Hacker News new | ask | show | jobs
by brucethemoose2 846 days ago
Yi 34 200K finetunes (like Tess 1.5),Deepseek Code 33B and Miqu 70B definitely outpace ChatGPT-3.5, at least for me.

They don't have the augmentations of being a service, but generally they are smarter, have a bigger context and (perhaps most importantly) are truly unbound.

I am on a single 3090 desktop, for reference. Admittedly, this is much more expensive now than it was a few months ago, with the insane prices used 3090s are going for now.

1 comments

Damn, I see, how many tokens per sec you get on that setup?

On a Macbook M2 I get ~10/12t/sec which is a tiny tad bit too slow for continued/ daily use, but if I think its worthy I might invest on a more powerful machine soon-ish!

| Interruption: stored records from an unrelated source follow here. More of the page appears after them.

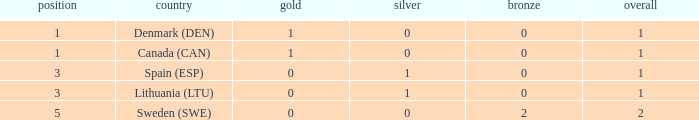How many bronze medals were won when the total is more than 1, and gold is more than 0? None. 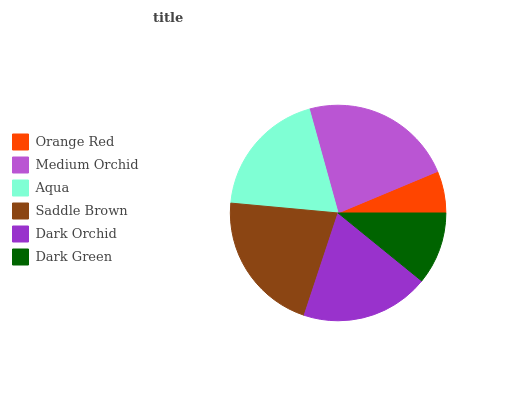Is Orange Red the minimum?
Answer yes or no. Yes. Is Medium Orchid the maximum?
Answer yes or no. Yes. Is Aqua the minimum?
Answer yes or no. No. Is Aqua the maximum?
Answer yes or no. No. Is Medium Orchid greater than Aqua?
Answer yes or no. Yes. Is Aqua less than Medium Orchid?
Answer yes or no. Yes. Is Aqua greater than Medium Orchid?
Answer yes or no. No. Is Medium Orchid less than Aqua?
Answer yes or no. No. Is Aqua the high median?
Answer yes or no. Yes. Is Dark Orchid the low median?
Answer yes or no. Yes. Is Saddle Brown the high median?
Answer yes or no. No. Is Saddle Brown the low median?
Answer yes or no. No.

On 33B/34B models I get 35 tokens/sec, way faster than I can read streaming in. At huge contexts (like 30K-74K), prompt processing takes forever and token generation is slower, but its still faster than I can read.

Miqu 70B is slow (less than 10 tok/sec, I think) because I have to split it with llama.cpp. I only use it for short context questions where I need a bit more intelligence.

And for reference, this is a SFF desktop! It's no Macbook, but still small enough (10L and flat) for me to fly with in carry on.